(Beginning of RECORDS TO USE)

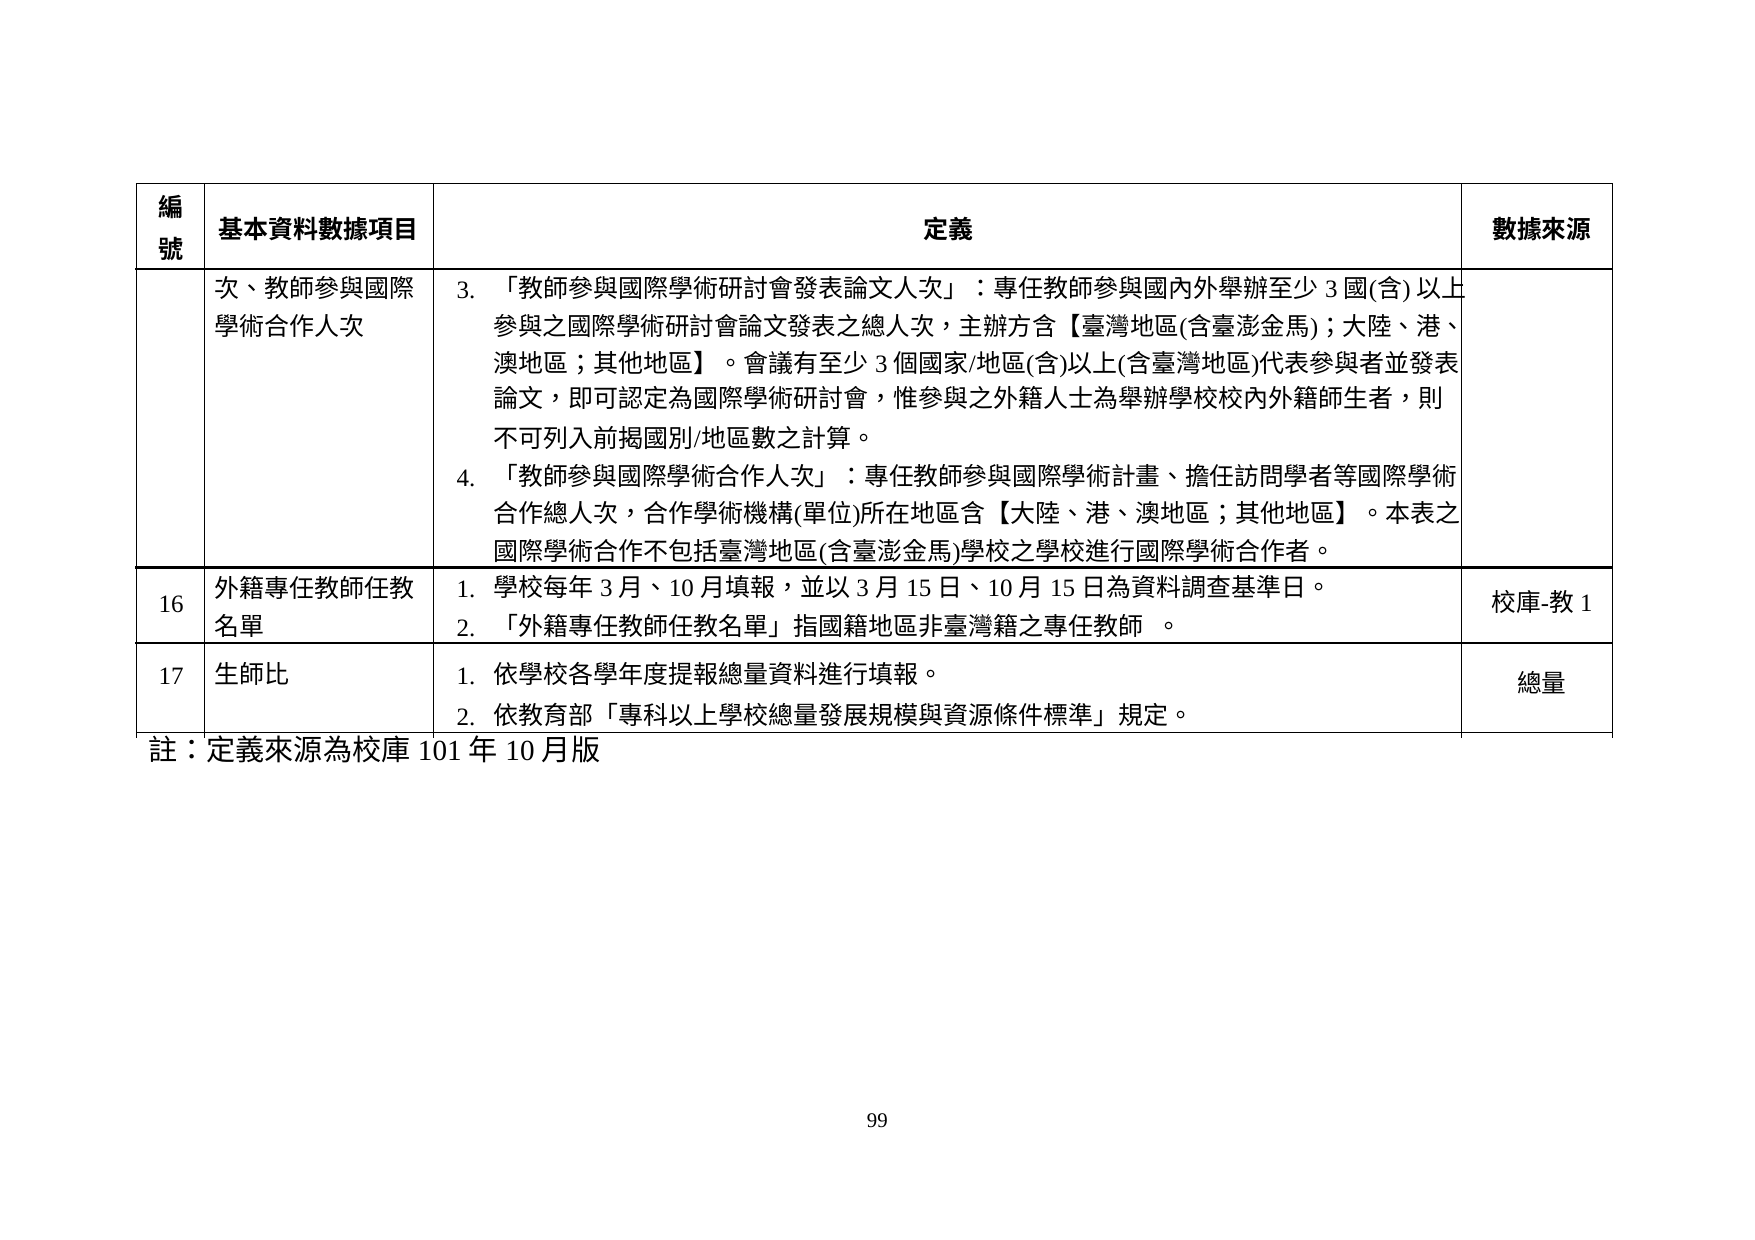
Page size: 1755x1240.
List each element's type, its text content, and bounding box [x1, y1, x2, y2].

table_cell [205, 529, 431, 566]
table_cell 1. [434, 644, 479, 690]
table_cell [137, 699, 200, 731]
table_cell 次、教師參與國際 [205, 270, 431, 304]
table_cell 依學校各學年度提報總量資料進行填報。 [479, 644, 1461, 690]
table_cell 總量 [1471, 644, 1612, 699]
table_cell 生師比 [205, 644, 431, 690]
table_cell 名單 [205, 603, 431, 642]
table_header 定義 [479, 192, 1461, 244]
table_cell [1471, 491, 1612, 529]
table_cell 國際學術合作不包括臺灣地區(含臺澎金馬)學校之學校進行國際學術合作者。 [479, 529, 1461, 566]
table_cell [1471, 618, 1612, 642]
table_header 編 [137, 192, 200, 222]
table_cell [200, 699, 204, 731]
table_cell [137, 690, 200, 699]
table_cell 不可列入前揭國別/地區數之計算。 [479, 414, 1461, 454]
table_cell [137, 618, 200, 642]
table_cell [200, 529, 204, 566]
table_cell [205, 414, 431, 454]
table_cell [434, 341, 479, 379]
table_cell [434, 222, 479, 244]
table_cell [1471, 699, 1612, 731]
table_cell [1471, 414, 1612, 454]
table_cell 3. [434, 270, 479, 304]
table_cell [1471, 379, 1612, 414]
table_cell [479, 690, 1461, 699]
table_cell [200, 379, 204, 414]
table_cell [200, 341, 204, 379]
table_cell [1462, 244, 1471, 264]
table_cell 依教育部「專科以上學校總量發展規模與資源條件標準」規定。 [479, 699, 1461, 731]
table_cell 17 [137, 644, 200, 690]
table_cell [1471, 341, 1612, 379]
table_cell [137, 491, 200, 529]
table_cell [137, 304, 200, 341]
table_cell 「教師參與國際學術研討會發表論文人次」：專任教師參與國內外舉辦至少 3 國(含) 以上 [479, 270, 1461, 304]
table_cell 外籍專任教師任教 [205, 569, 431, 603]
table_cell [200, 414, 204, 454]
table_cell 「外籍專任教師任教名單」指國籍地區非臺灣籍之專任教師 。 [479, 603, 1461, 642]
table_cell [434, 304, 479, 341]
table_header 基本資料數據項目 [205, 192, 431, 244]
table_cell [1462, 414, 1471, 454]
table_cell [200, 454, 204, 491]
table_cell 澳地區；其他地區】。會議有至少 3 個國家/地區(含)以上(含臺灣地區)代表參與者並發表 [479, 341, 1461, 379]
table_cell 2. [434, 603, 479, 642]
table_cell 號 [137, 222, 200, 264]
table_cell [137, 379, 200, 414]
table_cell [200, 603, 204, 642]
table_cell 1. [434, 569, 479, 603]
table_cell [1471, 529, 1612, 566]
table_cell [137, 341, 200, 379]
table_cell [205, 341, 431, 379]
table_header 數據來源 [1471, 192, 1612, 244]
table_header [200, 192, 204, 244]
table_cell 學校每年 3 月、10 月填報，並以 3 月 15 日、10 月 15 日為資料調查基準日。 [479, 569, 1461, 603]
table_cell 論文，即可認定為國際學術研討會，惟參與之外籍人士為舉辦學校校內外籍師生者，則 [479, 379, 1461, 414]
text 註：定義來源為校庫 101 年 10 月版 [148, 733, 1612, 767]
table_cell [1462, 690, 1471, 699]
table_cell [434, 491, 479, 529]
table_cell [137, 270, 200, 304]
table_cell [479, 244, 1461, 264]
table_cell [434, 529, 479, 566]
table_cell [200, 244, 204, 264]
table_cell [205, 244, 431, 264]
table_cell 「教師參與國際學術合作人次」：專任教師參與國際學術計畫、擔任訪問學者等國際學術 [479, 454, 1461, 491]
table_header [1462, 192, 1471, 244]
table_cell [1471, 270, 1612, 304]
table_cell [137, 454, 200, 491]
table_cell [205, 454, 431, 491]
table_header [434, 192, 479, 222]
table_cell [434, 379, 479, 414]
table_cell 校庫-教 1 [1471, 569, 1612, 618]
table_cell 2. [434, 690, 479, 731]
table_cell [434, 244, 479, 264]
table_cell [205, 699, 431, 731]
table_cell [137, 414, 200, 454]
table_cell 參與之國際學術研討會論文發表之總人次，主辦方含【臺灣地區(含臺澎金馬)；大陸、港、 [479, 304, 1461, 341]
table_cell 學術合作人次 [205, 304, 431, 341]
table_cell [205, 379, 431, 414]
table_cell [1462, 644, 1471, 690]
table_cell [137, 529, 200, 566]
table_cell [200, 304, 204, 341]
table_cell 4. [434, 454, 479, 491]
table_cell [1471, 454, 1612, 491]
table_cell [434, 414, 479, 454]
table_cell [1471, 304, 1612, 341]
table_cell [205, 491, 431, 529]
table_cell [1471, 244, 1612, 264]
table_cell 16 [137, 569, 200, 618]
table_cell [200, 644, 204, 690]
table_cell 合作總人次，合作學術機構(單位)所在地區含【大陸、港、澳地區；其他地區】。本表之 [479, 491, 1461, 529]
text 99 [135, 1108, 1619, 1132]
table_cell [200, 491, 204, 529]
table_cell [205, 690, 431, 699]

(End of RECORDS TO USE)

HOW TO COMPLETE THIS TASK: Copy range, inclusive: the line holding "table_cell [137, 699, 200, 731]" to the line holding "table_cell [1471, 379, 1612, 414]". Reproduce exactly those lines of the records above and no others.

OUTPUT:
table_cell [137, 699, 200, 731]
table_cell 次、教師參與國際 [205, 270, 431, 304]
table_cell 依學校各學年度提報總量資料進行填報。 [479, 644, 1461, 690]
table_cell 總量 [1471, 644, 1612, 699]
table_cell 生師比 [205, 644, 431, 690]
table_cell 名單 [205, 603, 431, 642]
table_header 定義 [479, 192, 1461, 244]
table_cell [1471, 491, 1612, 529]
table_cell 國際學術合作不包括臺灣地區(含臺澎金馬)學校之學校進行國際學術合作者。 [479, 529, 1461, 566]
table_cell [1471, 618, 1612, 642]
table_header 編 [137, 192, 200, 222]
table_cell [200, 699, 204, 731]
table_cell [137, 690, 200, 699]
table_cell 不可列入前揭國別/地區數之計算。 [479, 414, 1461, 454]
table_cell [137, 618, 200, 642]
table_cell [200, 529, 204, 566]
table_cell [205, 414, 431, 454]
table_cell [434, 341, 479, 379]
table_cell [434, 222, 479, 244]
table_cell [1471, 699, 1612, 731]
table_cell [1471, 414, 1612, 454]
table_cell 3. [434, 270, 479, 304]
table_cell [1471, 379, 1612, 414]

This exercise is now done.